Upon termination of employment by Mr. Martines for the above reasons,
the Bank shall pay to him, no later than 30 days after the date of termination
and for a period of three years, annual compensation prorated into monthly
payments equal to his annual base salary on the date of termination or on the
date six months prior to the date of termination, whichever is greater. In the
event of termination as a result of a change in control, Mr. Martines may, at
his option, elect to receive in one lump sum the aggregate present value of the
above termination payments. The present value shall be determined by the federal
discount rate published under Section 1274(d) of the Internal Revenue Code of
1986, as amended, then in effect, and compounded semi-annually.
Employment Agreement with Louis M. Martarano
The Corporation and the Bank entered into a 5-year employment agreement
with Louis M. Martarano, the Vice President and Assistant Secretary of the
Corporation and the Executive Vice President of the Bank. Mr. Martarano's annual
base salary at September 1, 1993, the date of commencement of the agreement, was
$87,500. His salary will increase each year in accordance with the terms of the
agreement. Under the agreement, his salary is increased each year by not less
than the minimum average increase of other senior executive personnel. Mr.

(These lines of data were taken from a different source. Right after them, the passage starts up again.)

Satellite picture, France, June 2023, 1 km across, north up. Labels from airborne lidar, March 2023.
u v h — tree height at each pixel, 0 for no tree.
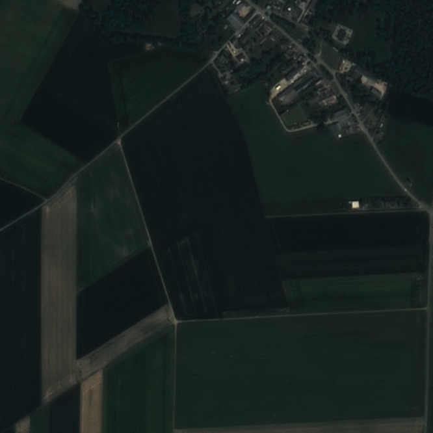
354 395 0
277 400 0
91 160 0
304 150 0
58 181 0
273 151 0
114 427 0
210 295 0
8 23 0
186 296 0
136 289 0
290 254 0
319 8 16
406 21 21
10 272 0
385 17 0
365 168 0
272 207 0
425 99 0
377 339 0
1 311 0
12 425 0
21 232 0
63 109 0
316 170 0
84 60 0
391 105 0
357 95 15
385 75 16
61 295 0
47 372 0
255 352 0
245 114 0
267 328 0
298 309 0
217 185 0
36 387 0
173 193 0
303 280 0
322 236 0
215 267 0
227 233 0
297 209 0
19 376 0
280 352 0
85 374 0
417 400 0
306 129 0
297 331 0
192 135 0
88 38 0
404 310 0
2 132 0
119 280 0
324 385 0
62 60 0
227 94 6
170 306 0
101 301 0
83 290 0
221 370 0
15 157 0
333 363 0
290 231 0
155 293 0
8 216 0
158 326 0
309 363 0
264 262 0
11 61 0
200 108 0
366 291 0
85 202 0
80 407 0
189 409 0
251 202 0
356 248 0
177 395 0
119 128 0
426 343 0
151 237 0
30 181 0
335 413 0
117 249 0
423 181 0
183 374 0
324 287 0
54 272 0
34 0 0
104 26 19
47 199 0
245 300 0
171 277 0
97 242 0
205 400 0
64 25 0
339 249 0
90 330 0
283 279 0
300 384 0
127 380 0
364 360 0
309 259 0
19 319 0
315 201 0
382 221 0
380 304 0
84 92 0
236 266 0
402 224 0
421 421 0
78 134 0
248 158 0
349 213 0
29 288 0
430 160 0
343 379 0
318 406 0
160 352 0
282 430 0
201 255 0
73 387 0
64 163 0
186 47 14
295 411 0
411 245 0
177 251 0
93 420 0
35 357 0
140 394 0
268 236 0
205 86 0
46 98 0
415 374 0
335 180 0
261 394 0
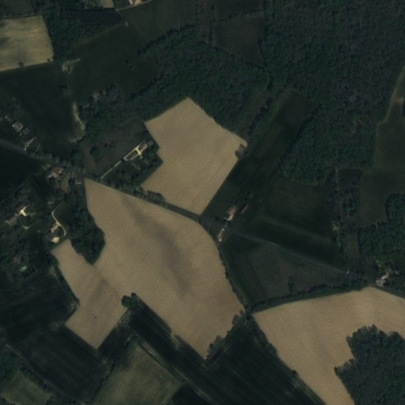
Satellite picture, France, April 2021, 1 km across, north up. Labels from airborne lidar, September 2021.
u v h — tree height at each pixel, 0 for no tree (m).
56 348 0
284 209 0
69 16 16
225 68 19
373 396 23
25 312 0
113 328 0
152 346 0
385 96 18
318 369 0
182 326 0
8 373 28
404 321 0
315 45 12
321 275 0
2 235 6
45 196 0
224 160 0
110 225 0
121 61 0
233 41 0
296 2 9
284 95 17
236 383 0
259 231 0
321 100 27
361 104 24
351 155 24
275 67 25
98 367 0
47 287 0
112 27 12
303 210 0
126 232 0
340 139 23
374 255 21
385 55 21
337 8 13
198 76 26
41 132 0
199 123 0
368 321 0
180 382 0
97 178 18
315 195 0
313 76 29
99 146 0
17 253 14
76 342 0
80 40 25
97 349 0
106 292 0
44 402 0
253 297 0
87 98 0
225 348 0
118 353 0
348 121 24
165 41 20
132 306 16
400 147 0
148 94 18
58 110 0
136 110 21
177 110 0
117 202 0
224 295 0
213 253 0
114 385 0
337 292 16
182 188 0
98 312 0
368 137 22
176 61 23
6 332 0
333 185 22
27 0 0
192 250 0
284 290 0
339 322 0
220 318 0
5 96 0
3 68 0
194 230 0
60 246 0
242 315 16
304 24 11
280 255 0
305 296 14
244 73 21
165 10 0
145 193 23
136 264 0
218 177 0
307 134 23
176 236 0
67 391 0
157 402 0
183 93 25
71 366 0
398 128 0
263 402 0
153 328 0
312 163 23
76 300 11
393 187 0
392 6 18
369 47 19
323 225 0
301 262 0
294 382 0
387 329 0
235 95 23
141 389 0
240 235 0
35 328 0
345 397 0
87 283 0
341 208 9
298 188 0
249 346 0
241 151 13
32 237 0
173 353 0
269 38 24
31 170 0
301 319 0
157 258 0
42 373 0
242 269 0
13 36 0
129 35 0
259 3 0
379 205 0
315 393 0
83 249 24
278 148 0
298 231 0
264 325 0
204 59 21
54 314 0
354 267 16
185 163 0
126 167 0
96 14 16
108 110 25
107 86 0
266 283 0
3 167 0
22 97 0
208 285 0
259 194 0
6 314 0
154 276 0
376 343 23
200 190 0
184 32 17
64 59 21
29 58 0
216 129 0
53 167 0
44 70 0
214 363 0
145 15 0
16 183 0
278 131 0
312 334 0
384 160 0
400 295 0
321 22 13
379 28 16
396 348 22
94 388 0
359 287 23
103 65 0
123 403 0
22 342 0
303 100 0
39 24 0
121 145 0
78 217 26
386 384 23
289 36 11
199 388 0
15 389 0
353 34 7
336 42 22
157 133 0
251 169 0
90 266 14
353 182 6
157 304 0
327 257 0
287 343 0
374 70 12
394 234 24
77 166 17
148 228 0
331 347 0
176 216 0
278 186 0
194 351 0
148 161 15
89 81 0
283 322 0
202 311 0
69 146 0
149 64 0
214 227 0
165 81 16
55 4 17
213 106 26
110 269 0
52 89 0
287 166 21
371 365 22
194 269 0
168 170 0
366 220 0

Martarano receives the employee fringe benefits that are received by all
personnel of the Bank, as well as standard perquisites that are given to
officers of comparable financial institutions in similar capacities. Mr.
Martarano has agreed to serve as Vice President and Assistant Secretary of the
Corporation without any additional compensation. At the end of the first year of
the term of the agreement, the term is automatically extended for one additional
year; therefore, there is a constant 5-year term in effect on the first day of
September of each year. <PAGE>
The agreement with Mr. Martarano has the same terms and conditions as
described above, with respect to the agreement with Mr. Martines relating to
voluntary termination by Mr. Martarano, to a change in control of the
Corporation and to termination payments.
Supplemental Executive Retirement Plan
General. The Bank entered into a supplemental executive retirement plan
("SERP") with each of the following Bank officers: John G. Martines, the
President and Chief Executive Officer, Louis M. Martarano, the Executive Vice
President and Chief Operating Officer, and Joseph J. Earyes, the Executive Vice
President and Chief Financial Officer. The purpose of the SERP is to encourage
these key executives to continue their employment with the Bank and to provide a
salary continuation benefit upon their termination of employment from the Bank.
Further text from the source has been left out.